Опубликовано в журнале Урал, номер 1, 2016
Осень не молчит.
Она заикается, что-то приборматывает, поцокивает, почмокивает. Так она говорит. Но говорение
осени сходит на нет: зима; полное безмолвие с внутренней силой несказанного — как ненаписанного. Весна
тоже заикается, но её заикание с каждым днем всё более наполняется говорением,
очищающимся от запинок, пауз и мучительных спазмов голосовых провалов,
пропастей, бездн: лето; сплошная речь, спонтанная и живая — вся в гласных и согласных,
шипящих, свистящих, булькающих, щёлкающих и потрескивающих, постреливающих, как
осина в огне.
Я знаю
одиночество заики: бывают дни, когда я не могу говорить совсем, но лекции
читаю, уже почти наизусть. В такие дни я — то осень, то весна: чирикаю себе в
уме, «про себя» и в себе, как чокнутый и вольный недоговоритель. Жду лета или зимы: лето говорения и зима
безмолвия, сходясь во мне грудь на грудь, порождают текст, точнее — вытесняют
из меня тексты. Тексты. Вот — одиночество заики прирождённого. Лет с трёх я
думаю тексты — думаю текстами. Речь моя то замерзает, то оттаивает — слякоть
непролазная. С текстами всё проще, яснее и честнее: в них то лето, то зима. С
годами зимы становится больше.
Одиночество —
феномен онтологический, бытийный.
О. Мандельштам
Были очи острее точимой косы —
По зегзице в зенице и по капле росы, —
И едва научились они во весь рост
Различать одинокое множество звезд.
9 февраля 1937
Бесконечность и
вечность Вселенной — зеркальны: одиночество поэта,
слепца, немтыря отражается в бесчисленном одиночестве
звезд. Так, море (а особенно океан) существует одновременно в единственном и во
множественном числе. Единственно-множественное число.
И снегопад — в
единственно-множественном числе — накрывает единственно-множественное число морпехов (на Кольском полуострове, 1975 г.), которые
колонной по четыре поспевают — в ногу и без песни — на камбуз (в столовку).

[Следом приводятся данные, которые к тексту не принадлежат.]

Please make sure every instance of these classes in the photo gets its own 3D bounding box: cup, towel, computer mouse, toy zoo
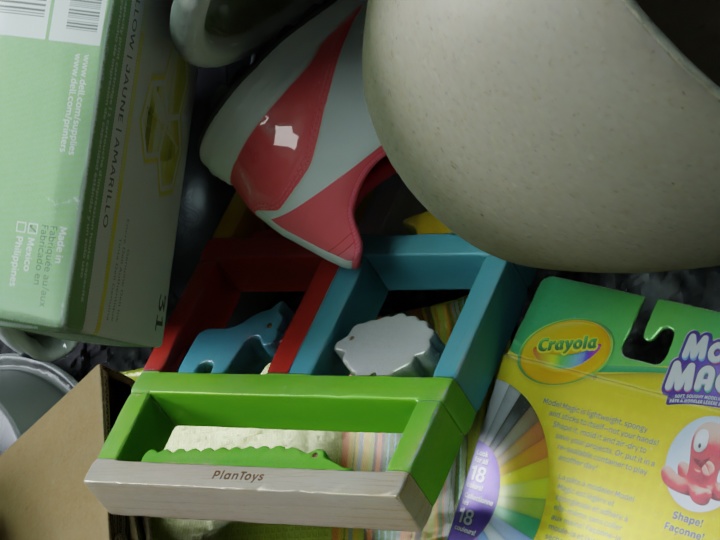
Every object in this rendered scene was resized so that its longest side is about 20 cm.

Холодно. Кто-то выкрикивает: «Старшина, давай короче — не май месяц!» — и все
ржут, потому что сейчас как раз май и дубарина стоит
майская, заполярная. А ты в строю этом одинок — в этом общем
шаге (левой — левой — левой), в этом смехе, в этом коллективном голоде — жить,
есть, спать. Ты прошел четыре командировки. Скоро пятая. И ты вдруг
понял, почувствовал, ощутил: тебя в этой пятой убьют. Точно убьют. И теперь
твое одиночество крепнет и растёт: оно встает столбом, столпом, трубой незримой
сквозь снегопад и уходит в небо — и если поднять лицо, то увидишь звезды, их
одинокое множество. Ты останавливаешься — морпехи
строем обтекают тебя, а ты — стоишь один, задрав голову и запрокинув лицо, — и
слезы остаются на месте своем. И никто этого не видит. И душа твоя давно в
числе единственном и одиноком.
И ты видишь
сквозь полый столп, сквозь снегопад не только звезды, но и хвост северного сияния
— луч зелено-голубой с сиреневым оперением.
О. Мандельштам
О, как же я хочу,
Не чуемый никем,
Лететь вослед лучу,
Где нет меня совсем… <…>
Вот так и не
станет меня. Но я — буду. Где? Как? Почему?..
Одиночество —
трансгрессивно. Пустота, свобода, воля, отчуждение от социократии,
высвобождение из толпы позволяет тебе увидеть себя — во чистом поле, в
крупнозернистом небе, лекально-лакательном пламени, в
прозрачной земле. Ты стоишь лицом к себе: лицо к лицу — увидишь многое. Твое
воображение становится самодостаточным и всесильным, самостийным, самостихийным и самовольным. Оно и есть ты и твое
одиночество. Вы теперь вместе, вдвоем.
Е. Рейн
А.А. Ахматовой
У зимней тьмы печали полон рот,
Но прежде чем она его откроет,
Огонь небесный вдруг произойдет —
Метеорит, ракета, астероид.
Огонь летит над грязной белизной,
Зима глядит на казни и на козни,
Как человек глядит в стакан порожний,
Уже живой, еще полубольной.
Тут смысла нет, и вымысла тут нет,
И сути нет, хотя конец рассказу.
Когда я вижу освещенный снег,
Я Ваше имя вспоминаю сразу.
Где бы ты ни был,
кем бы ты ни был — ты одинок, и одиночество (твое и не твое) всегда ограничено
вечностью, т. е. смертью, которая тащит за собой жизнь, ускоряя и уплотняя ее.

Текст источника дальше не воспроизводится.